Thursday, October 4, 2012

EMC- Specification Switchout

- Mike Prongue 

Imagine if you will, you are the sales manager at an exclusive automobile dealership specializing in importing Italian sports cars. Brand names are not important for this exercise, but think “red, shiny, fast, 750 horsepower and expensive.”

Your client, Daniel J. Smith, Esq., corporate lawyer for a Fortune 500 company has walked into your 11th Avenue exotic sports car showroom in Manhattan.

“Good morning Don,” Mr. Smith said, extending his hand for a firm shake, his diamond cufflinks showing from under the cuff of his Gieves & Hawkes custom-tailored $4,000 suit. Mr. Smith is 52 years-old and an exacting professional who does not always please easily

“Let me look at my new car,” he said with excitement.

“Well Mr. Smith, we are almost done with the final detailing and it should be ready within the hour, “ you say smiling, “I know you’ve waited three months for this car, and it was hand-assembled to your specification requests.”

“But…” you say, as the showroom clears out and a deathly silence descends.

“They changed the color from red to green, and the 6-speed transmission was replaced with an automatic.”

“No extra charge!” you add, failing in your desperate attempt at levity. You can see the legal papers already being filed at the courthouse.

Of course this type of last minute switch-out would create an issue of apocalyptic proportion and would never be tolerated by the car dealership or any customer.
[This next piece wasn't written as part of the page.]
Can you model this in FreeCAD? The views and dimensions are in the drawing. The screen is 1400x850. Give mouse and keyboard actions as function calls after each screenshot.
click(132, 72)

In the Electronic Message Center (EMC) industry, this happens every day, much more so with imported projects. Manufacturers need not be named as it occurs across a broad spectrum of suppliers.

What does a Sign Company or EMC distributor do when this occurs? What leverage do they have? It seems like very little, actually.

The Sign Company or EMC distributor placed an order in good faith usually after receiving a deposit from the customer. They ordered the project from some supplier, sometimes off-shore, precisely communicating the exact specifications the customer requested, money is wired to begin the project and the final payment is wired before the project ships, usually about 6-weeks later.

The customer is waiting. The EMC comes in and it is the wrong pixel size, has rear opening cabinets instead of front removable modules, or the amber grayscale request has been changed out with a red screen.

Two and a half months have passed since the order was placed and the project is late, having been placed on an extended hold in US Customs at the Long Beach, CA port. Now it must be installed in only 7 days to support the grand opening of an auto parts store. The clock is ticking!

You can’t send it back to China (for example), as it would take at least 4 weeks to get there. What do you do? Make excuses or give the customer a discount? Not good enough to ensure a customer for a week much less a customer for life. There is no good strategy at this point.

You can call and complain and perhaps get a discount on the next order, but then somehow that order is also wrong and now you have two compromised customers and the dysfunction continues.

Project specifications for your order are not wishes- they are a precise requirement. When an order is placed however, it never seems to occur to the Sign Company or EMC distributor that such an egregious error could happen. The Sign Company may never know if the system was manufactured in “error” or if it was actually a pre-built project which had been canceled by some other customer ("close enough" to match the dealer's order). This is called a “switch out”. One never knows, does one?

It is important to know your supplier, have legal recourse, have timely production updates, and a signed sales order showing you exactly what to expect. Ordering an EMC is not game of roulette if you have done your homework by calling references and checking them out. As they say “You get what you inspect, rather than what you expect.”

So, it’s critical to choose wisely and do not become the victim of the “last minute switch out”. It does happen every day in the EMC industry.

Isolated production mistakes with U.S. manufacturers can be rapidly resolved because contract law is honored here and solutions can be shipped rapidly. Rectifying the much more common international situation, perhaps a last-minute “switch out”, is an entirely different problem and for which a good solution remains elusive.

**Note all posts/thoughts/writings are strictly the viewpoint of me and me alone and do not reflect nor speak for Vantage LED’s beliefs, attitudes, thoughts, etc. unless specifically stated.